Senin, 01 Februari 2016

Rindu Surga

Rindu Surga

02 Februari 2016

Bacaan Hari ini:
Filipi 1:22-23
Tetapi jika aku harus hidup di dunia ini, itu berarti bagiku bekerja memberi buah. Jadi mana yang harus kupilih, aku tidak tahu.
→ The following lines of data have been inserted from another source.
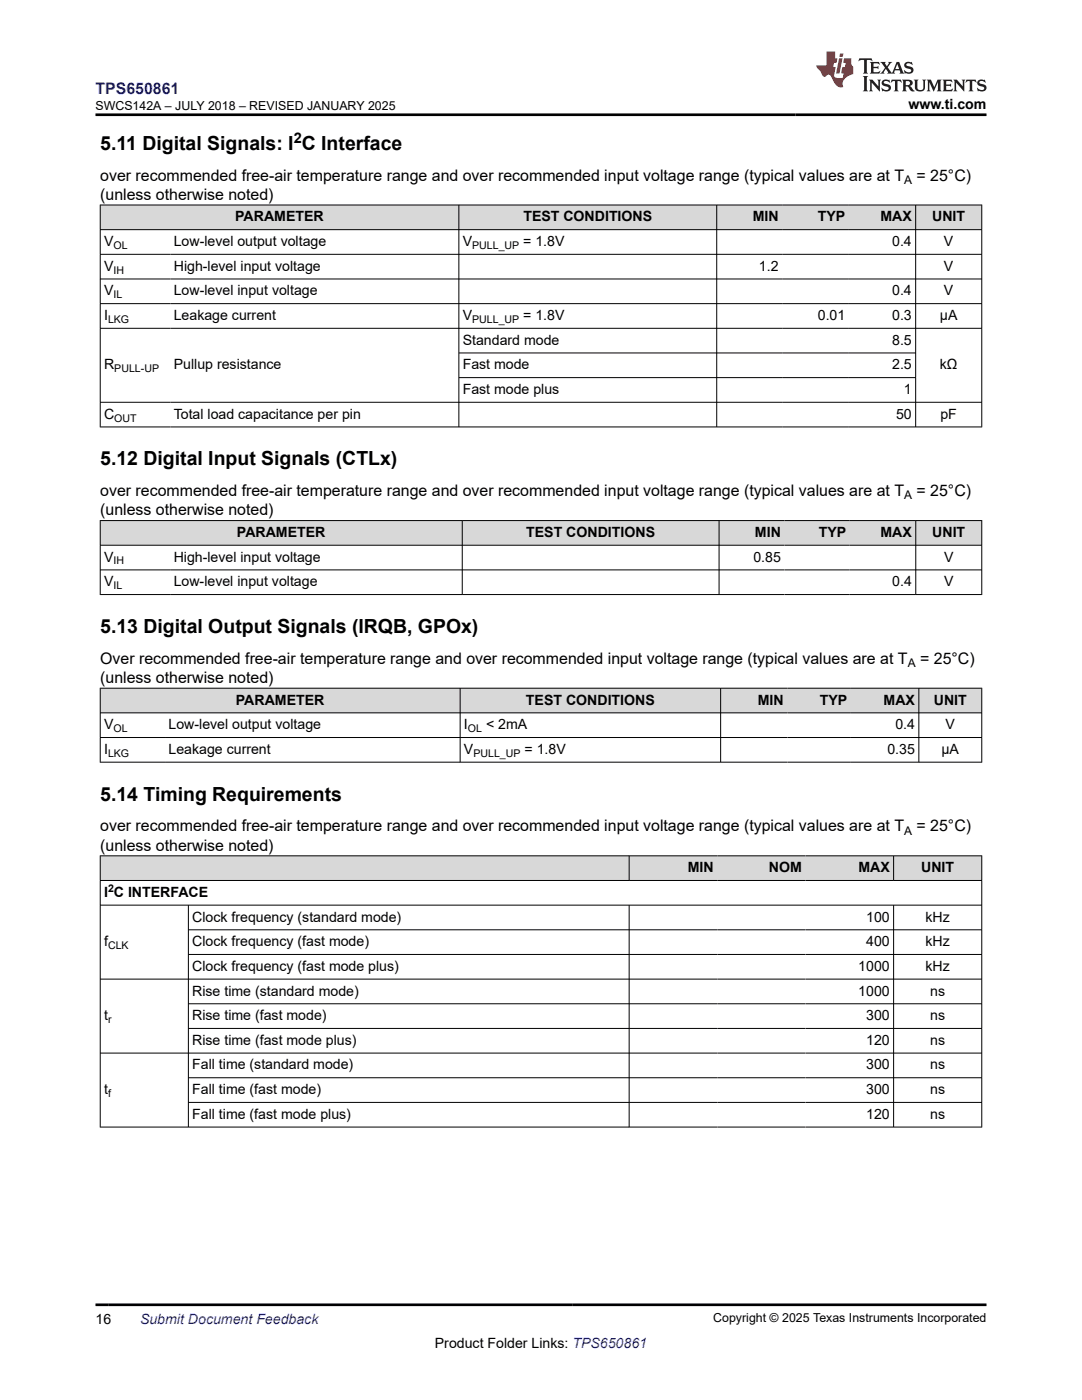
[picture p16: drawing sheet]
<svg xmlns="http://www.w3.org/2000/svg" width="216mm" height="279mm" viewBox="0 0 216 279" stroke-linecap="round" stroke-linejoin="round" font-family="sans-serif">
<defs><g id="words">
<g font-size="3.9">
<text x="20" y="29.9">5.11 Digital Signals: I C Interface</text>
<text x="20" y="92.9">5.12 Digital Input Signals (CTLx)</text>
<text x="20" y="126.3">5.13 Digital Output Signals (IRQB, GPOx)</text>
<text x="20" y="159.8">5.14 Timing Requirements</text>
</g>
<text font-size="3.2" fill="#00f" x="19" y="18.7">TPS650861</text>
<g font-size="3.2">
<text x="20" y="39.9">(unless otherwise noted)</text>
<text x="20" y="36.1">over recommended free-air temperature range and over recommended input voltage range (typical values are at T</text>
<text x="182.9" y="36.1">= 25°C)</text>
<text x="20" y="99">over recommended free-air temperature range and over recommended input voltage range (typical values are at T</text>
<text x="182.9" y="99">= 25°C)</text>
<text x="20" y="102.8">(unless otherwise noted)</text>
<text x="20" y="136.3">(unless otherwise noted)</text>
<text x="20" y="132.5">Over recommended free-air temperature range and over recommended input voltage range (typical values are at T</text>
<text x="183.6" y="132.5">= 25°C)</text>
<text x="20" y="165.9">over recommended free-air temperature range and over recommended input voltage range (typical values are at T</text>
<text x="182.9" y="165.9">= 25°C)</text>
<text x="20" y="169.7">(unless otherwise noted)</text>
</g>
<text font-size="2.9" x="58.6" y="28.6">2</text>
<g font-size="2.8">
<text x="181.3" y="21.8">www.ti.com</text>
<text x="46.9" y="44.2">PARAMETER</text>
<text x="104.4" y="44.2">TEST CONDITIONS</text>
<text x="150.2" y="44.2">MIN</text>
<text x="163.2" y="44.2">TYP</text>
<text x="175.7" y="44.2">MAX</text>
<text x="186" y="44.2">UNIT</text>
<text x="20.8" y="49.1">V</text>
<text x="34.7" y="49.1">Low-level output voltage</text>
<text x="92.3" y="49.1">V</text>
<text x="104.4" y="49.1">= 1.8V</text>
<text x="178" y="49.1">0.4</text>
<text x="188.4" y="49.1">V</text>
<text x="20.8" y="54">V</text>
<text x="20.8" y="59">V</text>
<text x="34.7" y="54">High-level input voltage</text>
<text x="34.7" y="59">Low-level input voltage</text>
<text x="151.4" y="54">1.2</text>
<text x="178" y="59">0.4</text>
<text x="188.4" y="54">V</text>
<text x="188.4" y="59">V</text>
<text x="20.8" y="63.9">I</text>
<text x="34.7" y="63.9">Leakage current</text>
<text x="92.3" y="63.9">V</text>
<text x="104.4" y="63.9">= 1.8V</text>
<text x="163.2" y="63.9">0.01</text>
<text x="178" y="63.9">0.3</text>
<text x="187.6" y="63.9">µA</text>
<text x="92.3" y="68.8">Standard mode</text>
<text x="178" y="68.8">8.5</text>
<text x="20.8" y="73.7">R</text>
<text x="34.7" y="73.7">Pullup resistance</text>
<text x="92.3" y="73.7">Fast mode</text>
<text x="178" y="73.7">2.5</text>
<text x="187.5" y="73.7">kΩ</text>
<text x="20.8" y="83.6">C</text>
<text x="34.7" y="83.6">Total load capacitance per pin</text>
<text x="92.3" y="78.6">Fast mode plus</text>
<text x="178.8" y="83.6">50</text>
<text x="180.4" y="78.6">1</text>
<text x="187.7" y="83.6">pF</text>
<text x="47.3" y="107.2">PARAMETER</text>
<text x="105" y="107.2">TEST CONDITIONS</text>
<text x="150.6" y="107.2">MIN</text>
<text x="163.4" y="107.2">TYP</text>
<text x="175.7" y="107.2">MAX</text>
<text x="186" y="107.2">UNIT</text>
<text x="20.8" y="112.1">V</text>
<text x="34.7" y="112.1">High-level input voltage</text>
<text x="150.3" y="112.1">0.85</text>
<text x="188.4" y="112.1">V</text>
<text x="20.8" y="117">V</text>
<text x="34.7" y="117">Low-level input voltage</text>
<text x="178" y="117">0.4</text>
<text x="188.4" y="117">V</text>
<text x="47.1" y="140.6">PARAMETER</text>
<text x="104.9" y="140.6">TEST CONDITIONS</text>
<text x="151.2" y="140.6">MIN</text>
<text x="163.6" y="140.6">TYP</text>
<text x="176.3" y="140.6">MAX</text>
<text x="186.3" y="140.6">UNIT</text>
<text x="20.8" y="145.5">V</text>
<text x="33.6" y="145.5">Low-level output voltage</text>
<text x="92.6" y="145.5">I</text>
<text x="97" y="145.5">&lt; 2mA</text>
<text x="178.7" y="145.5">0.4</text>
<text x="188.7" y="145.5">V</text>
<text x="20.8" y="150.5">I</text>
<text x="33.6" y="150.5">Leakage current</text>
<text x="92.6" y="150.5">V</text>
<text x="104.7" y="150.5">= 1.8V</text>
<text x="177.1" y="150.5">0.35</text>
<text x="187.9" y="150.5">µA</text>
<text x="20.8" y="179">I C INTERFACE</text>
<text x="137.3" y="174.1">MIN</text>
<text x="153.4" y="174.1">NOM</text>
<text x="171.3" y="174.1">MAX</text>
<text x="183.8" y="174.1">UNIT</text>
<text x="38.4" y="183.9">Clock frequency (standard mode)</text>
<text x="172.8" y="183.9">100</text>
<text x="184.7" y="183.9">kHz</text>
<text x="20.8" y="188.8">f</text>
<text x="38.4" y="188.8">Clock frequency (fast mode)</text>
<text x="172.8" y="188.8">400</text>
<text x="184.7" y="188.8">kHz</text>
<text x="38.4" y="193.8">Clock frequency (fast mode plus)</text>
<text x="171.3" y="193.8">1000</text>
<text x="184.7" y="193.8">kHz</text>
<text x="20.8" y="203.6">t</text>
<text x="38.4" y="198.7">Rise time (standard mode)</text>
<text x="38.4" y="203.6">Rise time (fast mode)</text>
<text x="171.3" y="198.7">1000</text>
<text x="172.8" y="203.6">300</text>
<text x="185.6" y="198.7">ns</text>
<text x="185.6" y="203.6">ns</text>
<text x="38.4" y="208.5">Rise time (fast mode plus)</text>
<text x="172.8" y="208.5">120</text>
<text x="185.6" y="208.5">ns</text>
<text x="38.4" y="213.4">Fall time (standard mode)</text>
<text x="172.8" y="213.4">300</text>
<text x="185.6" y="213.4">ns</text>
<text x="20.8" y="218.4">t</text>
<text x="38.4" y="218.4">Fall time (fast mode)</text>
<text x="172.8" y="218.4">300</text>
<text x="185.6" y="218.4">ns</text>
<text x="38.4" y="223.3">Fall time (fast mode plus)</text>
<text x="172.8" y="223.3">120</text>
<text x="185.6" y="223.3">ns</text>
<text x="19" y="264.2">16</text>
<text x="86.8" y="269">Product Folder Links: TPS650861</text>
</g>
<text font-size="2.8" fill="#00f" x="27.9" y="264.2">Submit Document Feedback</text>
<g font-size="2.5">
<text x="19" y="21.9">SWCS142A – JULY 2018 – REVISED JANUARY 2025</text>
<text x="142.3" y="263.9">Copyright © 2025 Texas Instruments Incorporated</text>
</g>
<g font-size="2.4">
<text x="180.4" y="36.7">A</text>
<text x="180.4" y="99.7">A</text>
<text x="181.1" y="133.1">A</text>
<text x="180.4" y="166.6">A</text>
</g>
<g font-size="2.1">
<text x="22.6" y="49.7">OL</text>
<text x="94.2" y="49.7">PULL_UP</text>
<text x="22.6" y="54.6">IH</text>
<text x="22.6" y="59.5">IL</text>
<text x="21.6" y="64.4">LKG</text>
<text x="94.2" y="64.4">PULL_UP</text>
<text x="22.8" y="74.3">PULL-UP</text>
<text x="22.8" y="84.1">OUT</text>
<text x="22.6" y="112.7">IH</text>
<text x="22.6" y="117.6">IL</text>
<text x="22.6" y="146.1">OL</text>
<text x="93.4" y="146.1">OL</text>
<text x="21.6" y="151">LKG</text>
<text x="94.5" y="151">PULL_UP</text>
<text x="21.6" y="178.1">2</text>
<text x="21.6" y="189.4">CLK</text>
<text x="21.6" y="204.2">r</text>
<text x="21.6" y="218.9">f</text>
</g>
</g></defs>
<g fill="#d8d8d8">
<path d="M20 40.9h175.9v4.9h-175.9z" fill-rule="evenodd"/>
<path d="M20.1 41h71.4v4.8h-71.4z" fill-rule="evenodd"/>
<path d="M91.6 41h51.4v4.8h-51.4z" fill-rule="evenodd"/>
<path d="M143.1 41h13v4.8h-13z" fill-rule="evenodd"/>
<path d="M156.1 41h13.3v4.8h-13.3z" fill-rule="evenodd"/>
<path d="M169.4 41h13.2v4.8h-13.2z" fill-rule="evenodd"/>
<path d="M182.8 41h13v4.8h-13z" fill-rule="evenodd"/>
</g>
<g fill="none" stroke="#000" stroke-width=".2">
<path d="M19.9 40.9h176.1M19.9 45.8h176.1M19.9 50.8h176.1M19.9 55.7h176.1M20 40.9v44.4M91.6 40.9v44.4M143 40.9v44.4M182.7 40.9v44.4M195.9 40.9v44.4M19.9 60.6h176.1M19.9 65.5h176.1M91.6 70.4h91.2"/>
<path d="M91.6 75.4h91.2M19.9 80.3h176.1M19.9 85.2h176.1"/>
</g>
<g fill="#d8d8d8">
<path d="M20 103.9h175.9v4.9h-175.9z" fill-rule="evenodd"/>
<path d="M20.1 104h72.1v4.8h-72.1z" fill-rule="evenodd"/>
<path d="M92.3 104h51.1v4.8h-51.1z" fill-rule="evenodd"/>
<path d="M143.5 104h13v4.8h-13z" fill-rule="evenodd"/>
<path d="M156.5 104h13.1v4.8h-13.1z" fill-rule="evenodd"/>
<path d="M169.6 104h13.1v4.8h-13.1z" fill-rule="evenodd"/>
<path d="M182.8 104h13v4.8h-13z" fill-rule="evenodd"/>
</g>
<path d="M19.9 103.9h176.1M19.9 108.8h176.1M19.9 113.7h176.1M19.9 118.7h176.1M20 103.8v14.9M92.2 103.8v14.9M143.5 103.8v14.9M182.7 103.8v14.9M195.9 103.8v14.9" fill="none" stroke="#000" stroke-width=".2"/>
<g fill="#d8d8d8">
<path d="M20 137.3h175.9v5h-175.9z" fill-rule="evenodd"/>
<path d="M20.1 137.4h71.7v4.8h-71.7z" fill-rule="evenodd"/>
<path d="M91.9 137.4h51.8v4.8h-51.8z" fill-rule="evenodd"/>
<path d="M143.9 137.4h13.2v4.8h-13.2z" fill-rule="evenodd"/>
<path d="M157.1 137.4h12.7v4.8h-12.7z" fill-rule="evenodd"/>
<path d="M169.8 137.4h13.5v4.8h-13.5z" fill-rule="evenodd"/>
<path d="M183.4 137.4h12.4v4.8h-12.4z" fill-rule="evenodd"/>
</g>
<path d="M19.9 137.3h176.1M20 137.3v14.9M91.8 137.3v14.9M143.8 137.3v14.9M183.3 137.3v14.9M195.9 137.3v14.9M19.9 142.3h176.1M19.9 147.2h176.1M19.9 152.1h176.1" fill="none" stroke="#000" stroke-width=".2"/>
<g fill="#d8d8d8">
<path d="M20 170.8h175.9v4.9h-175.9z" fill-rule="evenodd"/>
<path d="M20.1 170.9h105.4v4.8h-105.4z" fill-rule="evenodd"/>
<path d="M125.6 170.9h17.5v4.8h-17.5z" fill-rule="evenodd"/>
<path d="M143.1 170.9h17.6v4.8h-17.6z" fill-rule="evenodd"/>
<path d="M160.7 170.9h17.5v4.8h-17.5z" fill-rule="evenodd"/>
<path d="M178.4 170.9h17.4v4.8h-17.4z" fill-rule="evenodd"/>
</g>
<g fill="none" stroke="#000" stroke-width=".2">
<path d="M19.9 170.8h176.1M19.9 175.7h176.1M20 170.7v54.3M125.5 170.7v5.1M178.3 170.7v5.1M195.9 170.7v54.3M19.9 180.6h176.1M19.9 195.4h176.1M37.6 180.6v44.4M37.6 185.6h158.4M37.6 190.5h158.4M125.5 180.6v44.4"/>
<path d="M178.3 180.6v44.4M19.9 210.2h176.1M37.6 200.3h158.4M37.6 205.2h158.4M37.6 215.1h158.4M37.6 220h158.4M196 224.9h-176.1"/>
</g>
<path d="M171.5 11.6l-.2 .6 .5-.2h.6v.1v2.2l-.2 .4h1l-.2-.4v-2.2v-.1h.5l.6 .2-.2-.6zM173.6 12.4l.2 .3v1.6l-.2 .4h1.9l.1-.6a1.08 1.08 0 0 1-1.3 .2v-.7h.6l.4 .2v-.7l-.4 .2h-.6v-.5l.2-.2a1 1 0 0 1 1 .3l-.1-.5zM175.7 12.4l.9 1.1-1 1.2h.9l-.2-.2 .5-.8 .4 .8-.2 .2h1.6l-.2-.2 .2-.5h.9l.1 .5-.1 .2h.9l-.2-.4-.8-1.9h-.5l-.9 2.1-.9-1.1 .9-1h-.8l.2 .2-.4 .6-.4-.6 .2-.2zM179 12.8l.4 1h-.7zM180.7 12.5a.65 .65 0 0 0-.2 .7 .65 .65 0 0 0 .6 .5l.6 .1 .1 .3a.79 .79 0 0 1-.7 .4 .79 .79 0 0 1-.7-.5l.1 .7 .2-.1a.93 .93 0 0 0 1.1 0 .93 .93 0 0 0 .4-.9 1.46 1.46 0 0 0-1.2-.6l-.1-.3a1.09 1.09 0 0 1 1.2 .2l-.2-.6-.1 .1-.5-.2zM172.2 15.2l.2 .4v2.2l-.2 .4h1l-.2-.4v-2.2l.2-.4zM173.4 15.9l.2 .4v1.5l-.2 .4h.8l-.3-.4 .1-1.3 1.6 1.8v-2l.2-.4h-.7l.1 .2 .1 1.1-1.2-1.3zM176.2 16a.65 .65 0 0 0-.2 .8 .65 .65 0 0 0 .6 .4l.6 .2 .1 .2a.79 .79 0 0 1-.7 .4 .79 .79 0 0 1-.7-.5l.1 .7 .2-.1a.93 .93 0 0 0 1.1 .1 .93 .93 0 0 0 .4-1 1.46 1.46 0 0 0-1.2-.5l-.1-.4a1.09 1.09 0 0 1 1.2 .2l-.1-.6-.2 .1-.5-.1zM177.9 15.9l-.1 .6a.63 .63 0 0 1 .8-.3v1.6l-.3 .4h1l-.2-.4v-1.6a.66 .66 0 0 1 .8 .3l-.1-.6zM180 15.9l.2 .4v1.5l-.2 .4h1l-.2-.2-.1-.7h.5l.1 .2a.79 .79 0 0 0 1.2 .6l-1-.9a.61 .61 0 0 0 .6-.6 .61 .61 0 0 0-.5-.7zM180.8 16.2h.1a.47 .47 0 0 1 .5 .1 .47 .47 0 0 1 .1 .5l-.1 .1-.7 .1zM182.3 15.9l.2 .2a2.27 2.27 0 0 0 .4 2 1.04 1.04 0 0 0 1.7-.7v-1.3l.2-.2h-.8l.2 .4v1.1a.6 .6 0 0 1-.6 .6 .6 .6 0 0 1-.6-.6v-1.1l.3-.4zM184.9 15.9l.2 .4v1.5l-.2 .4h.8l-.3-.4v-1.4l.9 1.9 .9-1.9v1.4l-.3 .4h1l-.2-.4v-1.5l.2-.4h-.8l-.7 1.5-.6-1.5zM188.1 15.9l.2 .4v1.5l-.2 .4h1.9l.1-.6a1.09 1.09 0 0 1-1.3 .2v-.7h.6l.4 .2v-.6l-.4 .2h-.6v-.6l.2-.1a1.01 1.01 0 0 1 1 .3l-.1-.6zM190.2 15.9l.3 .4v1.5l-.3 .4h.8l-.2-.4v-1.3l1.6 1.8v-2l.2-.4h-.7l.2 .2v1.1l-1.2-1.3zM192.8 15.9l-.1 .6a.63 .63 0 0 1 .8-.3v1.6l-.3 .4h1l-.2-.4v-1.6a.66 .66 0 0 1 .8 .3l-.1-.6zM195.2 16a.65 .65 0 0 0-.2 .8 .65 .65 0 0 0 .6 .4l.6 .2 .2 .2a.79 .79 0 0 1-.7 .4 .79 .79 0 0 1-.7-.5l.1 .7 .2-.1a.93 .93 0 0 0 1 .1 .93 .93 0 0 0 .5-1 1.46 1.46 0 0 0-1.3-.5v-.4a1.09 1.09 0 0 1 1.2 .2l-.2-.6-.2 .1-.5-.1z" fill="#231f20"/>
<path d="M164.9 10.3v2.7h-2l.1 .4 .8 1a.95 .95 0 0 0 1 .9 .59 .59 0 0 1 .5-.4 .59 .59 0 0 1 .5 .3l.4 .8a1.59 1.59 0 0 0 2.1 1.4 1.61 1.61 0 0 1 1-2.3l1-.3-.1-1.5a1.59 1.59 0 0 1-.3-1.7h-1.5l-.2 .9h.6l-.2 .9h-.5l-.2 .9v.3l.4 .1-.1 .9h-.7a.73 .73 0 0 1-1-.7l.3-1.5h-.5l.1-.9h.5l.2-.9h-.5v-1.3zM167.4 11.6l-.6 3.1h.7l.6-3.1zM167.6 10.7l-.1 .6h.7l.1-.6z" fill="#ed1c24"/>
<path d="M19 22.9h177.8M19 260.4h177.8" fill="none" stroke="#000" stroke-width=".53"/>
<use href="#words"/>
</svg>

Aku didesak dari dua pihak: aku ingin pergi dan diam bersama-sama dengan Kristus--itu memang jauh lebih baik;
---------------------------------------------
Pernahkah Anda tinggal di suatu tempat yang amat indah begitu lama, sebelum akhirnya pulang ke rumah?

Mungkin Anda menyimpan fotonya dan menjadikannya sebagai screensaver handphone Anda, sambil duduk dan memandanginya.
Anda cinta tempat itu.

Begitulah yang dirasakan Paulus tentang Surga.

Dia merindukannya.

Itulah mengapa ia bisa berkata,
"Aku didesak dari dua pihak: aku ingin pergi dan diam bersama-sama dengan Kristus--itu memang jauh lebih baik; (Filipi 1:23).

Saat ini, Paulus ada di Surga.

Di satu masa dalam hidupnya
- kita tidak tahu kapan tepatnya-ia dibunuh dan diangkat ke Surga tingkat yang ke tiga.

Ia menulis dalam 2 Korintus 12
bahwa "ia tiba-tiba diangkat ke Firdaus dan ia mendengar kata-kata yang tak terkatakan, yang tidak boleh diucapkan manusia (ayat 4).

Setelah merasakan pengalaman mendengar dan melihat pemandangan Surga, ketika kembali ke bumi, Paulus merasa rindu dengan Rumah (Surga).

Bukan berarti Paulus ingin mati, yang ia tahu ialah jika dia mati, itu artinya sebuah promosi buatnya.

Ketika Paulus mengatakan bahwa ia ingin pergi dan diam bersama-sama dengan Kristus--itu memang jauh lebih baik;

kata pergi yang ia pakai di sini cukup menarik.

Jika diterjemahkan dari bahasa Yunani, itu artinya

"merapihkan kemah. Artinya, sudah waktunya pulang.

Di banyak kesempatan,

Alkitab mengibaratkan tubuh manusia dengan sebuah kemah.

Dan satu hal yang kita tahu tentang kemah atau tenda adalah benda ini tidak dibuat untuk bertahan lama, tidak dipakai untuk jangka waktu yang panjang.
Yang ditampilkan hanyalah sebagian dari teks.